By Angela Rose | Sep 11, 2017
Precision sheet metal fabication
Industry: Contract Manufacturing
Products: Precision sheet metal fabrication
When Wilcoxson's father, Gary, started the contract precision sheet metal manufacturing company 35 years ago in the family's small garage, he may not have imagined it would grow into a business with $1 million in annual revenue -- but that's exactly what happened. While Gary did not get to see the evolution for himself -- passing on in 1990 -- his wife and the company's president, Lea Davis, and son have been there to guide it every step of the way.
"He created quite the legacy in those eight years," says Wicoxson. "When my father passed, my mom decided to keep the business in the family and continue to run it. Then, in 1995, she was diagnosed with Shaver's disease."
Also known as bauxite fibrosis, the condition made it necessary for Davis to take a step back from the business. "She could no longer come into the shop because her body couldn't deal with the metal dust that is produced there," Wilcoxson explains. "Fortunately, she had a great team to take over and help her run the company remotely."
Wilcoxson came on board in 2004 to fill the general manager role. The company purchased its current 12,000-square-foot shop in east Longmont 10 years ago and now serve customers across the U.S. in a variety of industries.
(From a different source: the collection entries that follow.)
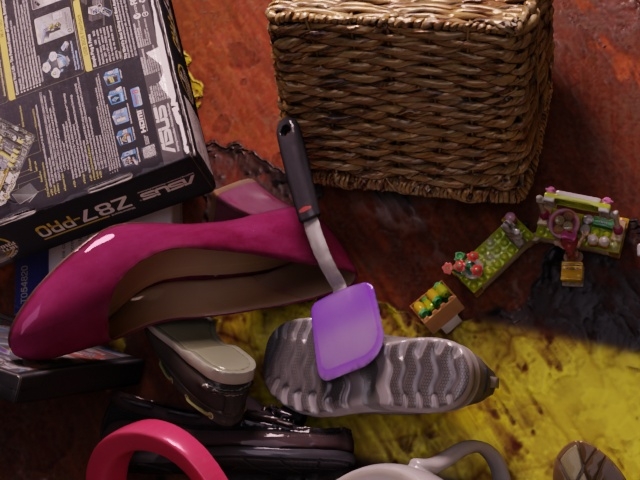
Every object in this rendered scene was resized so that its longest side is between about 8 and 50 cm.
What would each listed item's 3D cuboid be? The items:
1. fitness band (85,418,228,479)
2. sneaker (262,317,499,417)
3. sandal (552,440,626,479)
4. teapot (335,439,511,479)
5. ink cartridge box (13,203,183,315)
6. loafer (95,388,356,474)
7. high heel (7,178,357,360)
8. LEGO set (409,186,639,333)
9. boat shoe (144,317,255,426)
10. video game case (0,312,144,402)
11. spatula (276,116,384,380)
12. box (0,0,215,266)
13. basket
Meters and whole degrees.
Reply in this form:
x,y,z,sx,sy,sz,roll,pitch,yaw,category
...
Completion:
x,y,z,sx,sy,sz,roll,pitch,yaw,category
-0.151,0.329,1.361,0.209,0.054,0.291,-11,97,46,fitness band
0.060,0.151,1.408,0.281,0.115,0.105,6,81,37,sneaker
0.306,0.284,1.335,0.072,0.049,0.180,-45,83,6,sandal
0.090,0.354,1.304,0.256,0.187,0.252,-36,41,21,teapot
-0.277,-0.029,1.574,0.224,0.045,0.223,-8,73,13,ink cartridge box
-0.108,0.206,1.436,0.302,0.109,0.095,-3,70,17,loafer
-0.139,0.055,1.392,0.377,0.127,0.181,-33,56,-32,high heel
0.226,0.011,1.396,0.287,0.107,0.132,-10,73,12,LEGO set
-0.143,0.131,1.442,0.228,0.081,0.068,34,121,57,boat shoe
-0.364,0.118,1.436,0.248,0.275,0.035,16,93,18,video game case
0.000,0.000,1.396,0.084,0.030,0.296,-23,74,23,spatula
-0.319,-0.188,1.564,0.318,0.097,0.395,-19,61,4,box
0.111,-0.194,1.477,0.299,0.223,0.213,5,35,19,basket
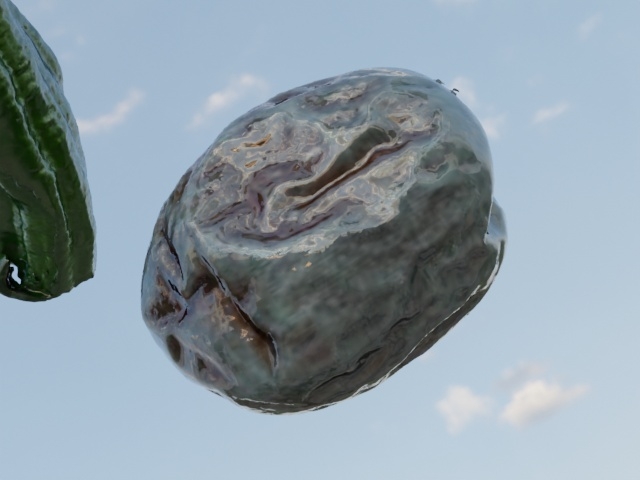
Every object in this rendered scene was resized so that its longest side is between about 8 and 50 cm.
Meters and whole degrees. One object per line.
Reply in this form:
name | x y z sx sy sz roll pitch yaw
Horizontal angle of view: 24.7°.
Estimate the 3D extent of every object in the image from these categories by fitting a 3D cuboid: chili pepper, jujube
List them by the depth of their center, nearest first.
jujube | 0.002 0.007 1.177 0.308 0.246 0.215 -29 -34 -14
chili pepper | -0.317 -0.129 1.305 0.167 0.213 0.385 -43 -52 -38
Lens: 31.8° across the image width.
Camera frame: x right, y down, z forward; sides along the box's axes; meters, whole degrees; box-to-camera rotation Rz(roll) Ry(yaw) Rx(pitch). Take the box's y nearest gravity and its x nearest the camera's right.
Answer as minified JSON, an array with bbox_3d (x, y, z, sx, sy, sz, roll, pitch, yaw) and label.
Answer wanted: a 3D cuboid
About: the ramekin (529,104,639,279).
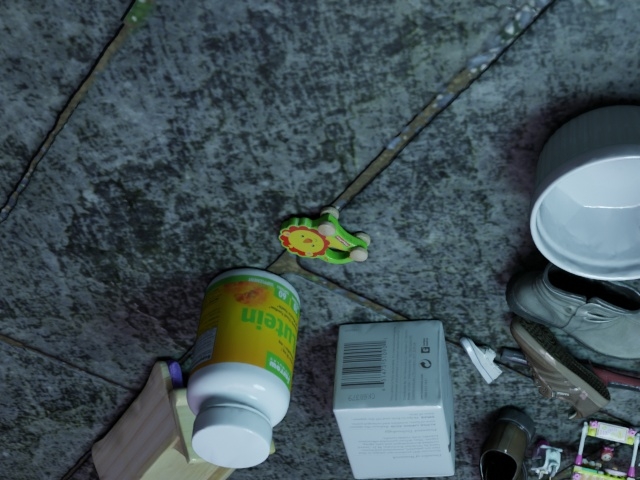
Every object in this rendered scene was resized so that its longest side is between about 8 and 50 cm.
[{"bbox_3d":[0.342,-0.060,1.291,0.207,0.109,0.207,3,138,3],"label":"ramekin"}]

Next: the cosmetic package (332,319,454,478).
[{"bbox_3d":[0.109,0.229,1.610,0.151,0.151,0.184,-4,138,11],"label":"cosmetic package"}]

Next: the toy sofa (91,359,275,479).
[{"bbox_3d":[-0.229,0.338,1.800,0.150,0.177,0.362,1,145,-33],"label":"toy sofa"}]

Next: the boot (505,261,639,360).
[{"bbox_3d":[0.366,0.092,1.426,0.246,0.083,0.161,18,168,-11],"label":"boot"}]

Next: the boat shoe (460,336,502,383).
[{"bbox_3d":[0.234,0.166,1.618,0.035,0.035,0.100,-35,125,3],"label":"boat shoe"}]

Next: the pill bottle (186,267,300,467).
[{"bbox_3d":[-0.104,0.170,1.498,0.136,0.246,0.136,3,139,3],"label":"pill bottle"}]

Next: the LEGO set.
[{"bbox_3d":[0.483,0.350,1.768,0.287,0.107,0.132,14,173,-16],"label":"LEGO set"}]

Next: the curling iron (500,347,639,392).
[{"bbox_3d":[0.395,0.181,1.614,0.274,0.035,0.068,8,117,5],"label":"curling iron"}]

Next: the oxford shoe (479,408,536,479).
[{"bbox_3d":[0.278,0.363,1.771,0.082,0.096,0.227,19,141,21],"label":"oxford shoe"}]

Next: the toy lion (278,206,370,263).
[{"bbox_3d":[0.000,0.000,1.460,0.096,0.034,0.100,-24,131,39],"label":"toy lion"}]

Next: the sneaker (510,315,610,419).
[{"bbox_3d":[0.319,0.184,1.569,0.188,0.066,0.071,42,116,-12],"label":"sneaker"}]
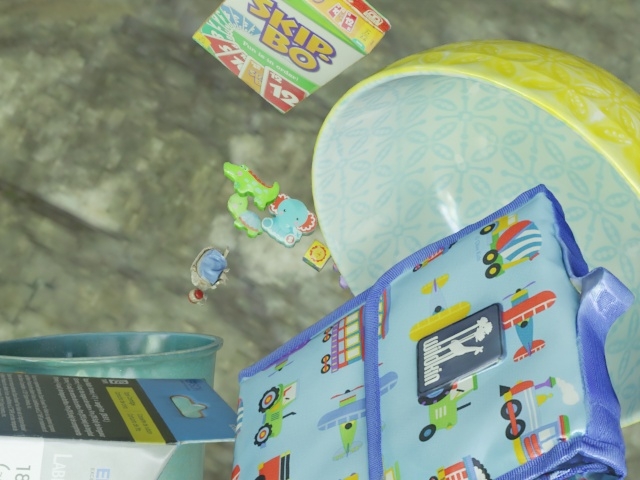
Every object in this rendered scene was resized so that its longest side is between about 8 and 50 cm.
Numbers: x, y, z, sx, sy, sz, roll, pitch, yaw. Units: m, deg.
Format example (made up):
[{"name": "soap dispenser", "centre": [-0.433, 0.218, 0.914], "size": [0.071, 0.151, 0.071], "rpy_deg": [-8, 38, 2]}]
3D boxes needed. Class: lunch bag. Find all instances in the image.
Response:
[{"name": "lunch bag", "centre": [0.080, 0.116, 0.804], "size": [0.138, 0.293, 0.221], "rpy_deg": [34, -148, -23]}]

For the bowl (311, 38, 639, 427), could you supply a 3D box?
[{"name": "bowl", "centre": [0.153, -0.028, 0.884], "size": [0.289, 0.289, 0.156], "rpy_deg": [35, -126, 17]}]

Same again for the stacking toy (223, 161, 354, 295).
[{"name": "stacking toy", "centre": [0.000, 0.000, 1.278], "size": [0.221, 0.052, 0.167], "rpy_deg": [35, 168, 3]}]

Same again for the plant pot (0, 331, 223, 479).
[{"name": "plant pot", "centre": [-0.300, 0.305, 1.772], "size": [0.341, 0.334, 0.341], "rpy_deg": [-1, -178, 0]}]

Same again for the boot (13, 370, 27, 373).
[{"name": "boot", "centre": [-0.402, 0.312, 1.595], "size": [0.104, 0.211, 0.295], "rpy_deg": [3, -109, -40]}]

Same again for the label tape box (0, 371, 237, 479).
[{"name": "label tape box", "centre": [-0.247, 0.188, 1.137], "size": [0.334, 0.106, 0.240], "rpy_deg": [5, -174, -17]}]

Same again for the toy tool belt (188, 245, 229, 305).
[{"name": "toy tool belt", "centre": [-0.154, 0.047, 1.808], "size": [0.052, 0.051, 0.083], "rpy_deg": [37, -129, -25]}]

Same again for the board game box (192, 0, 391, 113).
[{"name": "board game box", "centre": [-0.033, -0.196, 1.217], "size": [0.124, 0.039, 0.259], "rpy_deg": [39, 159, -11]}]
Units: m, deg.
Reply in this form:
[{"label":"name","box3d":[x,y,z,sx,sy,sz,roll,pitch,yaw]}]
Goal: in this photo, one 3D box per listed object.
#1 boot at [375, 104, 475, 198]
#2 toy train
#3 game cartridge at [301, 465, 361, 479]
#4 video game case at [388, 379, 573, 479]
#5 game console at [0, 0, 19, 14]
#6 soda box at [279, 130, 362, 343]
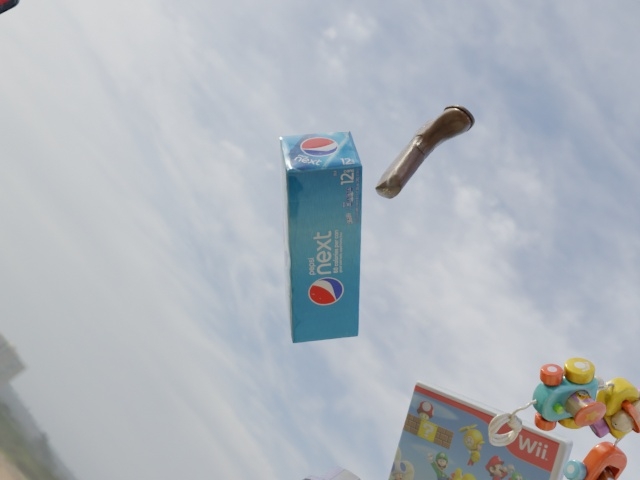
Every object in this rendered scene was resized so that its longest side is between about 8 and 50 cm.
[{"label":"boot","box3d":[0.112,-0.094,1.010,0.037,0.114,0.106,45,-20,-7]},{"label":"toy train","box3d":[0.225,0.169,0.771,0.166,0.125,0.046,31,10,-33]},{"label":"game cartridge","box3d":[-0.077,0.436,1.117,0.068,0.355,0.230,16,-72,30]},{"label":"video game case","box3d":[0.169,0.339,1.107,0.204,0.285,0.025,19,6,32]},{"label":"game console","box3d":[-0.283,-0.126,0.586,0.144,0.124,0.085,22,-48,15]},{"label":"soda box","box3d":[0.000,0.000,0.898,0.067,0.071,0.210,-104,-169,-53]}]
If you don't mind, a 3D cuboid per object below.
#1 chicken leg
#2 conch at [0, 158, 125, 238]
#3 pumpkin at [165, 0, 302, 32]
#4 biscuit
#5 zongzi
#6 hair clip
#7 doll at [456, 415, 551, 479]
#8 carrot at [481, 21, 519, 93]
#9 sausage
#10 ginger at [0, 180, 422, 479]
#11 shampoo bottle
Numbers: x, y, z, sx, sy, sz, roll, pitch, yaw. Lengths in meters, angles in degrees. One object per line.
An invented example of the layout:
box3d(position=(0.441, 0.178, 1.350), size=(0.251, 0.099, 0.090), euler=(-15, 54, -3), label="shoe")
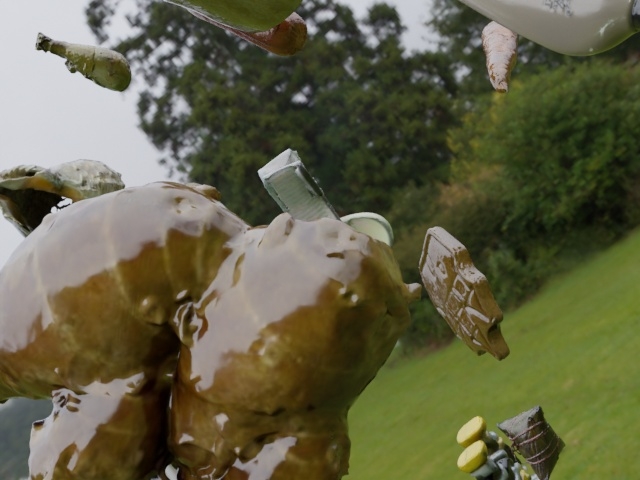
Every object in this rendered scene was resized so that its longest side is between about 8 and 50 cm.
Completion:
box3d(position=(-0.424, -0.320, 1.658), size=(0.093, 0.178, 0.070), euler=(146, 141, -65), label="chicken leg")
box3d(position=(-0.342, -0.046, 1.223), size=(0.207, 0.155, 0.130), euler=(15, -72, -40), label="conch")
box3d(position=(-0.119, -0.511, 1.611), size=(0.332, 0.199, 0.332), euler=(-43, 29, 31), label="pumpkin")
box3d(position=(0.215, 0.092, 1.403), size=(0.034, 0.215, 0.182), euler=(-25, -28, -15), label="biscuit")
box3d(position=(0.242, 0.234, 1.025), size=(0.067, 0.083, 0.073), euler=(-38, 22, 41), label="zongzi")
box3d(position=(-0.002, 0.001, 1.092), size=(0.159, 0.218, 0.071), euler=(-29, 19, 16), label="hair clip")
box3d(position=(0.291, 0.365, 1.246), size=(0.103, 0.316, 0.145), euler=(-43, 17, 1), label="doll")
box3d(position=(0.254, -0.256, 1.316), size=(0.057, 0.057, 0.224), euler=(-44, 14, 29), label="carrot")
box3d(position=(-0.169, -0.476, 1.910), size=(0.102, 0.330, 0.102), euler=(-45, -27, -31), label="sausage")
box3d(position=(-0.116, 0.091, 0.727), size=(0.152, 0.357, 0.274), euler=(-2, -75, -80), label="ginger")
box3d(position=(0.240, -0.259, 0.941), size=(0.078, 0.257, 0.127), euler=(-6, -64, -43), label="shampoo bottle")
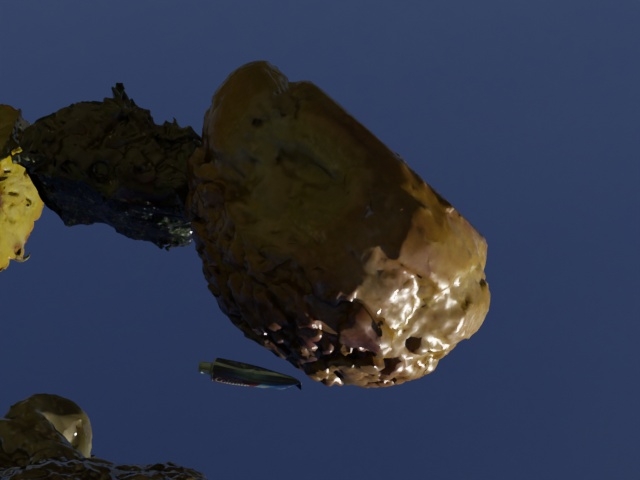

"One of our largest [markets] is the medical device industry," Wilcoxson says. "That makes up about 55 percent of what we do." He and his team manufacture the framework, covers, and doors for laboratory blood cell splitting machines and other medical equipment. He estimates another 20 percent of their jobs are for the oil and gas industry, including framework, bracketry, and covers for gas chromatographs.
"We've also made custom countertops for liquor stores and all other kinds of things from components for scientific instruments to automotive parts. If you name it, we can make it," he adds.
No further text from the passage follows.